- WHAT TO PRODUCE -
Return all the data below as it stands, minus the pictures.

DATA FOR THE TASK START

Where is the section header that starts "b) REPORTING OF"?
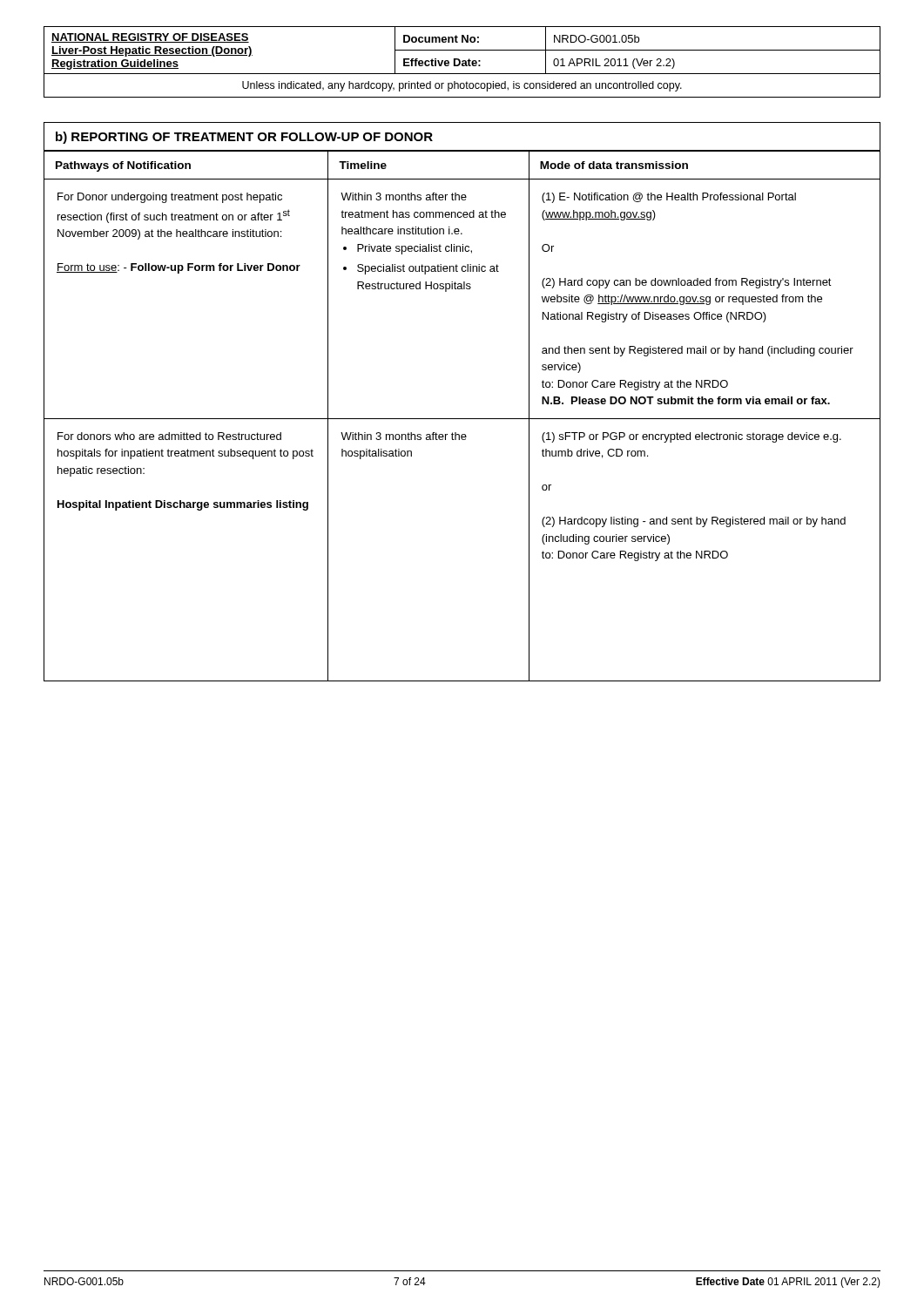Screen dimensions: 1307x924 462,136
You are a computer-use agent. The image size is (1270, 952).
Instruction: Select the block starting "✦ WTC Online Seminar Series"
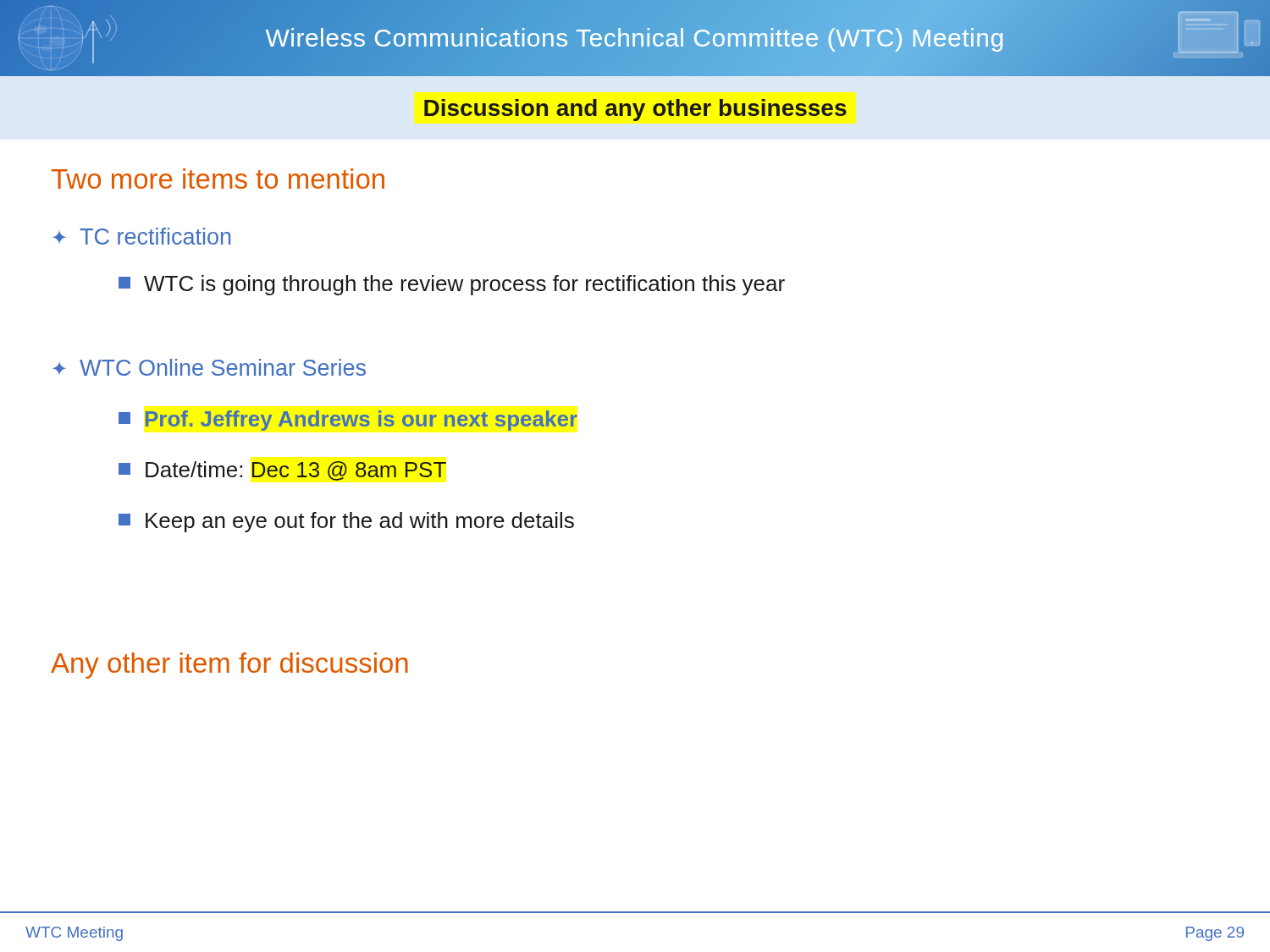click(209, 369)

DATA FOR THE TASK END

- ANSWER BELOW -
Where is the section header that starts "b) REPORTING OF"?
Screen dimensions: 1307x924 462,136
You are a computer-use agent. The image size is (1270, 952).
Instruction: Select the block starting "✦ WTC Online Seminar Series"
click(209, 369)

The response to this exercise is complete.